Nilomi Desai was also white against Isabelle Wang from Canada. After misplaying the opening Nilomi played very well in a game full of tactics. Though she gained a slight edge the game fizzled to an opposite coloured bishop endgame that was drawn by any one’s objective assessment. A draw for Nilomi, a well-played game and now off the mark. Well done Nilomi.

Callum Brewer had no rest after his game of the day performance yesterday and played a Swedish FM as white. In the post-match analysis, he was critical of himself in that he got obsessed with the minutia of the position when perhaps there was a more straightforward path. In fact, as Glenn Flear pointed out, the position was incredibly complicated and required a great deal of analysis. In the end Callum was disappointed with his loss but will not allow himself to be down for too long. He will return with a vengeance in round 5.

Though Gautam Jain had a lower rating than his opponent, who was 2123, this was always going to be a tussle. In a complicated middle game, Gautam’s opponent managed to gain the advantage, but after a long struggle the game was lost. It’s so hard to wrestle control away from these higher-rated players. At one-point Gautam’s opponent was frustratingly close to having his Bishop trapped but it soon became clear that this was all part of the plan.
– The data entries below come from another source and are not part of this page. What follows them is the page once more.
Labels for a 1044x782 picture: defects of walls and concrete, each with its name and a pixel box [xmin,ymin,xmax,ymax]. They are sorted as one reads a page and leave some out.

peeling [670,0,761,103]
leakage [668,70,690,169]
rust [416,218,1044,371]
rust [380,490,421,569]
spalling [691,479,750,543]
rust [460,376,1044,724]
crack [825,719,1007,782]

Our titled played Koby Kalavannan was playing black against a player that he should be able to deal with most days of the week – but there are no easy chess chumps to beat here at the World Championships, and this player managed to hold Koby to a draw.
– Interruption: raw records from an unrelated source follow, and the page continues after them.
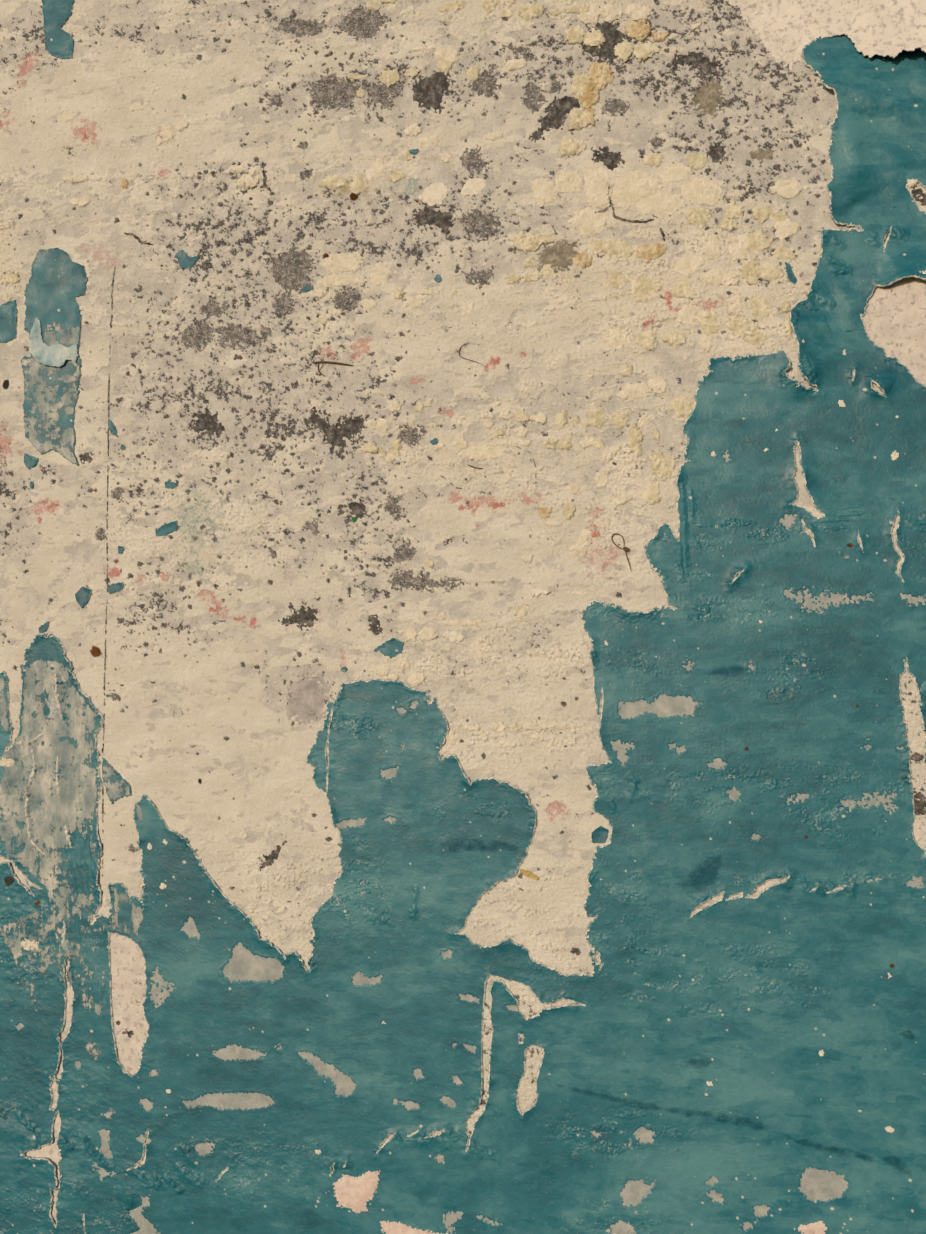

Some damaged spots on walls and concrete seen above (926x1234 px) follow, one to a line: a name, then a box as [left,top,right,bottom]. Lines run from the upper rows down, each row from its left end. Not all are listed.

peeling [0,0,926,975]
peeling [109,934,176,1075]
peeling [222,942,285,982]
peeling [459,993,480,1003]
peeling [516,1035,543,1113]

Leif Hafstad was playing black against his Swiss opponent (2155). This was always going to be a test, but Leif managed to draw after a six-and-a-half-hour struggle. Great battling qualities Leif. Maybe the football helped?

Finally, another all England match between Christopher Tombolis, playing black, and Teddy Onslow, had been pulled out of the hat. It’s never nice to come all the way to Greece to play a compatriot who you play regularly at county, club and school level. Christopher went up two pawns in a rook endgame, but with an active rook Teddy was able to hold the draw.

Not a great day for our England team with 5 losses, 5 draws and 1 win. However, tomorrow’s game five keeps us alive and there will be more fine chess to look forward too.